*** Data shown ***

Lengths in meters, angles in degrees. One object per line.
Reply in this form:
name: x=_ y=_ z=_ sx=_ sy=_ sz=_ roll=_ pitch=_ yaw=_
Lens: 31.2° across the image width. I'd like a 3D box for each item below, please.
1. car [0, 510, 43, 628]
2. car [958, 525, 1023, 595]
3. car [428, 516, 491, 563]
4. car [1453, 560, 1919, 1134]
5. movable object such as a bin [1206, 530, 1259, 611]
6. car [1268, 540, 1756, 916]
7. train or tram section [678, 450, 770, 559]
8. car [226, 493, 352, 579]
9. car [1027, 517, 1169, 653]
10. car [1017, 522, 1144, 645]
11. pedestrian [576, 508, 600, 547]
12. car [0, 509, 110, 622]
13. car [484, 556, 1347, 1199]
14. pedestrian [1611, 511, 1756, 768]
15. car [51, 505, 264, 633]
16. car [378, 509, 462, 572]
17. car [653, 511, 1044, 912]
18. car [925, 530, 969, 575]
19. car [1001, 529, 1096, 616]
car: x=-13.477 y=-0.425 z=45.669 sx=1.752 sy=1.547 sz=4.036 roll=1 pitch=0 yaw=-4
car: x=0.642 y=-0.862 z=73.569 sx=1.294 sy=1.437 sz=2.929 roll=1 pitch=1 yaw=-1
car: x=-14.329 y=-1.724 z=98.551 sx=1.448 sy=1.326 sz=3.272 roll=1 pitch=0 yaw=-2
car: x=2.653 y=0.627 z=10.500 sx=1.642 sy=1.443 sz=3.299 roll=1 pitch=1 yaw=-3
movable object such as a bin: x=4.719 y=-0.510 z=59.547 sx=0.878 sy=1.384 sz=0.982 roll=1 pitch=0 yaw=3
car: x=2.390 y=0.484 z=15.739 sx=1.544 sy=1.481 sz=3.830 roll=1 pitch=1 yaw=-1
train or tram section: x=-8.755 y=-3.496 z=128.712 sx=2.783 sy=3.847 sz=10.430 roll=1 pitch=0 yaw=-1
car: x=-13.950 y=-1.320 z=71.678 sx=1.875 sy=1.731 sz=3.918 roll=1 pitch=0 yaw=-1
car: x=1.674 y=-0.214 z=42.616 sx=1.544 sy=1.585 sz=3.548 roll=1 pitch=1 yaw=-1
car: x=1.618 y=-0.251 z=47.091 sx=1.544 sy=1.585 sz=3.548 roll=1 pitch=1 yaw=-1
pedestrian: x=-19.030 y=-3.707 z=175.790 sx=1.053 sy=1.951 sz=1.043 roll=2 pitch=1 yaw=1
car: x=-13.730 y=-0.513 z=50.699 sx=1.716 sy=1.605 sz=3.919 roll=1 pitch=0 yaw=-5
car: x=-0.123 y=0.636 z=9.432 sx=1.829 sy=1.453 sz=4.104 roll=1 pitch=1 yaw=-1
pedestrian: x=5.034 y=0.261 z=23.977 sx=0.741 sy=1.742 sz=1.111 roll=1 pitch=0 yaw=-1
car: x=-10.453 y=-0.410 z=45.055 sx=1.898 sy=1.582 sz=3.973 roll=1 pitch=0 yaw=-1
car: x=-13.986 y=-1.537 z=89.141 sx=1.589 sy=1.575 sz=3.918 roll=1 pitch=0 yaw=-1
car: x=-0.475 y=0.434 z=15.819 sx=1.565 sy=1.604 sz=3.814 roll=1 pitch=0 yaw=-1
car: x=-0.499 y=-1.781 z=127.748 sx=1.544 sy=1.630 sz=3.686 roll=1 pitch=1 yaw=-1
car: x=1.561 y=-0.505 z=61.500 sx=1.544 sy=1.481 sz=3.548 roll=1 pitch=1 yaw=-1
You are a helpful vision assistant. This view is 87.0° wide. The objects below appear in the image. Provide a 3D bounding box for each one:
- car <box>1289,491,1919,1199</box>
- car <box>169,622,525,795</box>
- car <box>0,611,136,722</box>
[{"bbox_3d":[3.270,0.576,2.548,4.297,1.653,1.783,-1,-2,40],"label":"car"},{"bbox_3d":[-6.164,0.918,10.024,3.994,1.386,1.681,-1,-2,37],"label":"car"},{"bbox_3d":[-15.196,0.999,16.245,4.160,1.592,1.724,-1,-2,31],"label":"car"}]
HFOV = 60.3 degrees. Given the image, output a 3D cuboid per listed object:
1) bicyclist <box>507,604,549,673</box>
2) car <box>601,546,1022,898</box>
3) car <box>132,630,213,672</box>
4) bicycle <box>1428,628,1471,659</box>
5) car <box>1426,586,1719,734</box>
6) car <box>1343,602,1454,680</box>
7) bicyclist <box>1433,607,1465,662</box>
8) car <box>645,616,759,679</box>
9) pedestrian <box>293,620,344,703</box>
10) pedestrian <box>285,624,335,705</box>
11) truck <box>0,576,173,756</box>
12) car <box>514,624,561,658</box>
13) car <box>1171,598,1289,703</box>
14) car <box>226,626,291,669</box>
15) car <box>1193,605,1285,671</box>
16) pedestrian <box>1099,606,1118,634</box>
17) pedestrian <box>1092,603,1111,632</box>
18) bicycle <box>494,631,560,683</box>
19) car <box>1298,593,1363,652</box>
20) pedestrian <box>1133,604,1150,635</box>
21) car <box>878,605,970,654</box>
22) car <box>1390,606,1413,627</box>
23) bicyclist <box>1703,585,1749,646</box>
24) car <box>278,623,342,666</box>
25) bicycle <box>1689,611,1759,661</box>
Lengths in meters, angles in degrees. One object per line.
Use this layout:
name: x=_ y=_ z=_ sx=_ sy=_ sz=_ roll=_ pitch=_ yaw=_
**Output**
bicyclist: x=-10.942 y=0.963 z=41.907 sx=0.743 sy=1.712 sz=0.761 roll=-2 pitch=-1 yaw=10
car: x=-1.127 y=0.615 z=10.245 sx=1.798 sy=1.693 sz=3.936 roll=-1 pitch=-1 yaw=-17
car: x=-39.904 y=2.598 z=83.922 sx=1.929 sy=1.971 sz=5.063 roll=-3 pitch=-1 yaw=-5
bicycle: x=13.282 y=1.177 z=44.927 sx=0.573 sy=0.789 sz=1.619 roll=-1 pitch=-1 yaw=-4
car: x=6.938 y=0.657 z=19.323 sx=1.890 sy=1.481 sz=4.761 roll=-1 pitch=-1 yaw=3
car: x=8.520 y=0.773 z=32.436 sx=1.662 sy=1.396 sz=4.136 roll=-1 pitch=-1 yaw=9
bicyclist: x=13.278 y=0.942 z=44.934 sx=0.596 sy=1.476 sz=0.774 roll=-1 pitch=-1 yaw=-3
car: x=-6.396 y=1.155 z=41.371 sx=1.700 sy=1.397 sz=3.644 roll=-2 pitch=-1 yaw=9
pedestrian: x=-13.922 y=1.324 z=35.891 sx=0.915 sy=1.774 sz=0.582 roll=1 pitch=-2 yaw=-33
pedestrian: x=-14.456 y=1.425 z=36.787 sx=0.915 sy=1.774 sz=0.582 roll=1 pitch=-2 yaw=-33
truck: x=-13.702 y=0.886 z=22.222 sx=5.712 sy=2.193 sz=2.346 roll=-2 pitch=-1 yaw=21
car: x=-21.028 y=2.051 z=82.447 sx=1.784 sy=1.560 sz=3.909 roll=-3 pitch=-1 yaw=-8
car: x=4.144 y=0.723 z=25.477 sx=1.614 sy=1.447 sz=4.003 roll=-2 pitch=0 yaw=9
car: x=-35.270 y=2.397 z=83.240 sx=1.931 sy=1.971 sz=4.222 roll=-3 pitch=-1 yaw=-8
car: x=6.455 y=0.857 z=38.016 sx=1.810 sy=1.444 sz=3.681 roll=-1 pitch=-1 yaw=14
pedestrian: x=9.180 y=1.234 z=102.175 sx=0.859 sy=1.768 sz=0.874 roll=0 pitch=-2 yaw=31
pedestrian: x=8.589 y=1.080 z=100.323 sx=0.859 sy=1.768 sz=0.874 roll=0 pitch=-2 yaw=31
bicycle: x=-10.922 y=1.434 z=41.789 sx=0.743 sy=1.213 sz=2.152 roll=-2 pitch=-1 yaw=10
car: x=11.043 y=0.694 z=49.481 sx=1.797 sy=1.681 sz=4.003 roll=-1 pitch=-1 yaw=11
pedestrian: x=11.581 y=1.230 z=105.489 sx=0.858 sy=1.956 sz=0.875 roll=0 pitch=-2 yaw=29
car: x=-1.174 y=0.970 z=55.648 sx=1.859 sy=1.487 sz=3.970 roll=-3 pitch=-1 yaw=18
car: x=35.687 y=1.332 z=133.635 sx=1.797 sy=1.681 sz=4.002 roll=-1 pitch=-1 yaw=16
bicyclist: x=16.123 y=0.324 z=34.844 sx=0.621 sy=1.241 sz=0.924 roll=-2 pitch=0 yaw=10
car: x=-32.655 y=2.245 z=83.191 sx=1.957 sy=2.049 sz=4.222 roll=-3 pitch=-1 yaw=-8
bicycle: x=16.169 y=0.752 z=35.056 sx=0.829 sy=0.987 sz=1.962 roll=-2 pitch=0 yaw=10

***

### Work item
Would you retype the lines above from the one with "4) bicycle <box>1428,628,1471,659</box>" down to the one with "16) pedestrian <box>1099,606,1118,634</box>", word for word, both ends included and no other lines?

### Final answer
4) bicycle <box>1428,628,1471,659</box>
5) car <box>1426,586,1719,734</box>
6) car <box>1343,602,1454,680</box>
7) bicyclist <box>1433,607,1465,662</box>
8) car <box>645,616,759,679</box>
9) pedestrian <box>293,620,344,703</box>
10) pedestrian <box>285,624,335,705</box>
11) truck <box>0,576,173,756</box>
12) car <box>514,624,561,658</box>
13) car <box>1171,598,1289,703</box>
14) car <box>226,626,291,669</box>
15) car <box>1193,605,1285,671</box>
16) pedestrian <box>1099,606,1118,634</box>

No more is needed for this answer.